For layer 1, mix crushed pretzels with melted butter and 3 tablespoons of sugar. Press into a 9X12 baking dish. [The recipe calls for a 7X12, which I didn't have; I used an 8X11 and it was completely full and spilling out and making a Jell-O mess everywhere, so next time I'm using a 9X12.] Bake for 10 minutes at 400F, and then put it in the fridge to chill thoroughly [in my case overnight].

For layer 2, blend cream cheese with 1 cup sugar. [My advice: use a hand mixer.] Fold in Cool Whip. Spread over the pretzel layer in the baking dish and chill again. [I only chilled it during the time it took to do the next bit, and it was fine. I think if you let the cream cheese sit out and get warm you'd need to chill it longer.]

For layer 3 (frozen berries), dissolve Jell-O in 2 cups boiling water. Stir in frozen berries and stir until slightly thickened. Pour over cheese layer in baking dish and chill for several hours.
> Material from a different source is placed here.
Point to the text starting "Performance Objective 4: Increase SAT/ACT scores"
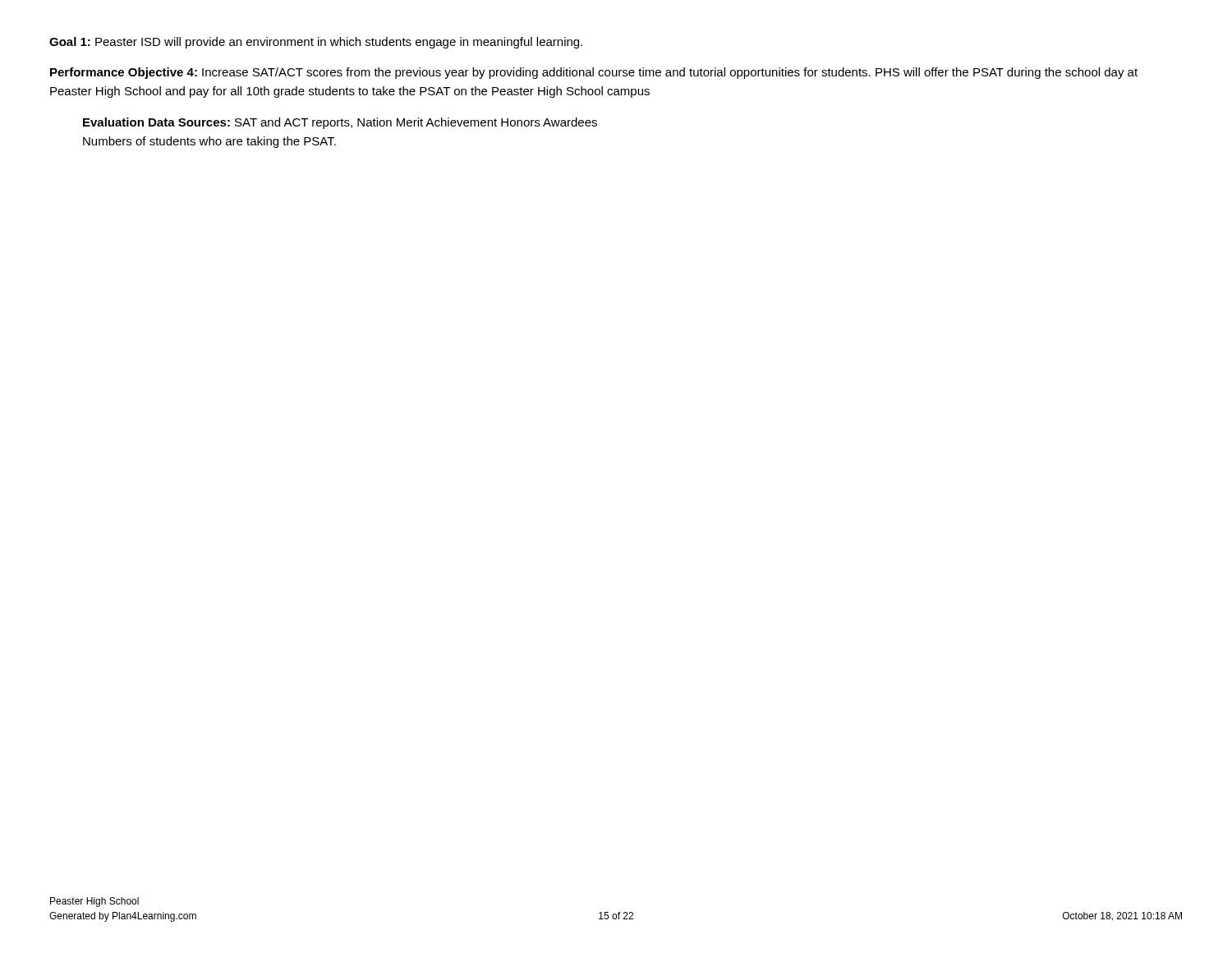Screen dimensions: 953x1232 point(593,81)
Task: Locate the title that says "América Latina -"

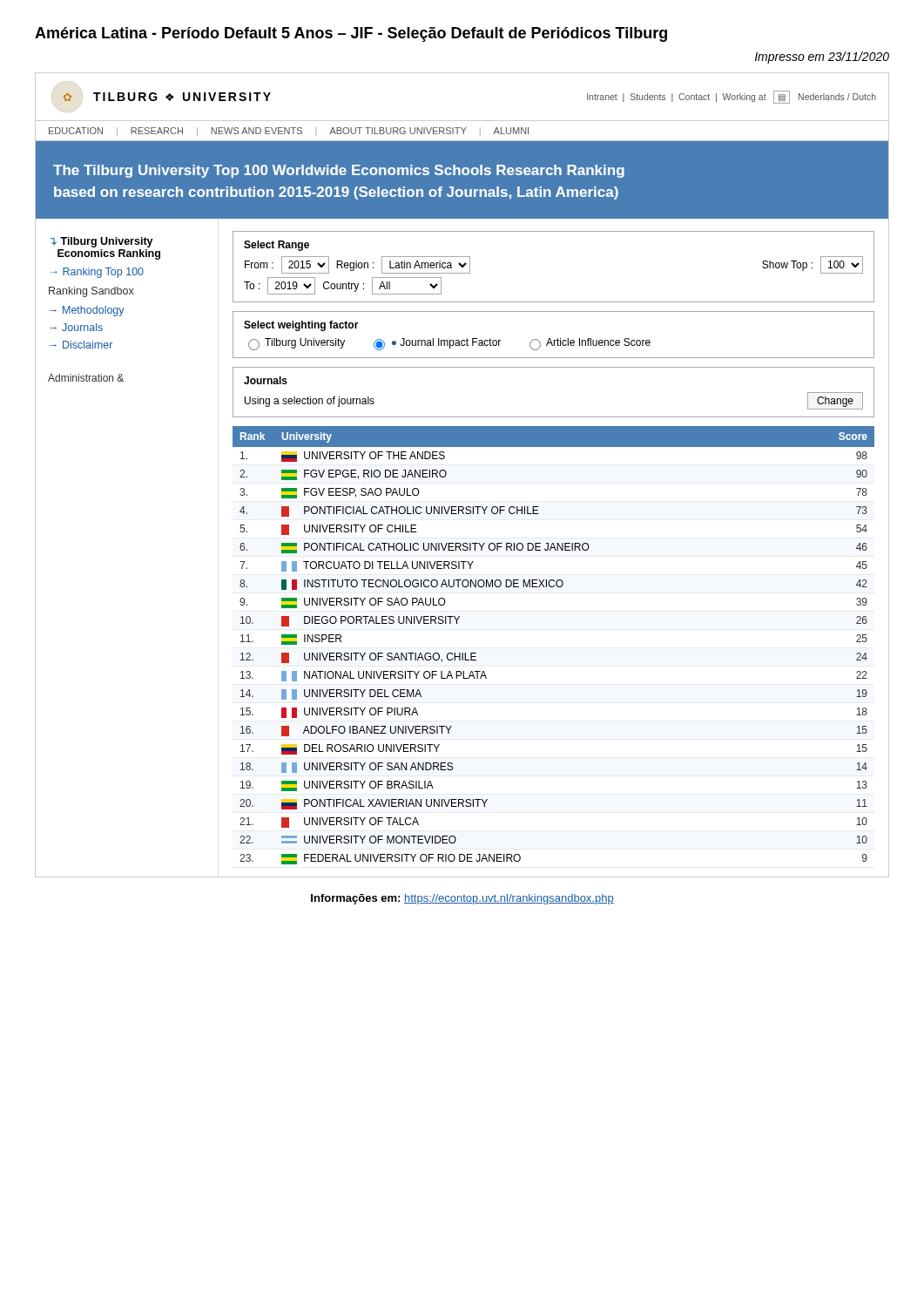Action: tap(351, 33)
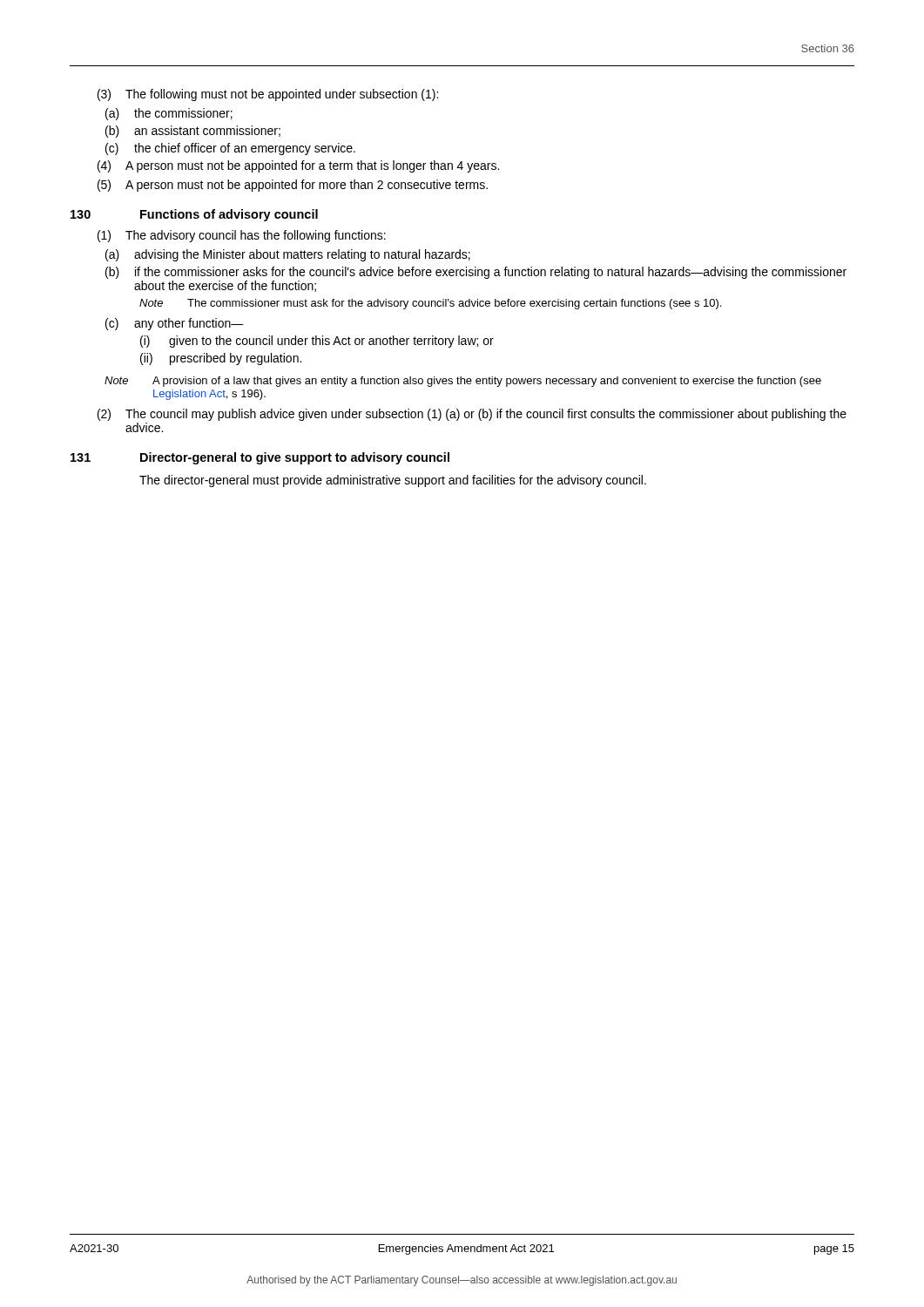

For layer 3 (fresh berries), dissolve gelatin in 1 cup boiling water. Add cold water; chill until egg white consistency is reached. Fold in sliced fresh berries and pour over cheese layer in baking dish. Chill until it feels like Jell-O.

Cut into squares and serve.

*MM noted on the recipe that she uses frozen. After reading the recipe, I don’t know who would use fresh, unless you have tons of strawberries sitting around that you have to get rid of; if you use fresh, you have four chilling periods, the last of which you have to watch carefully, instead of three unattended ones. What a pain. I vote for frozen. But be sure to buy sliced ones or it’ll be a lot of trouble to serve and eat the thing.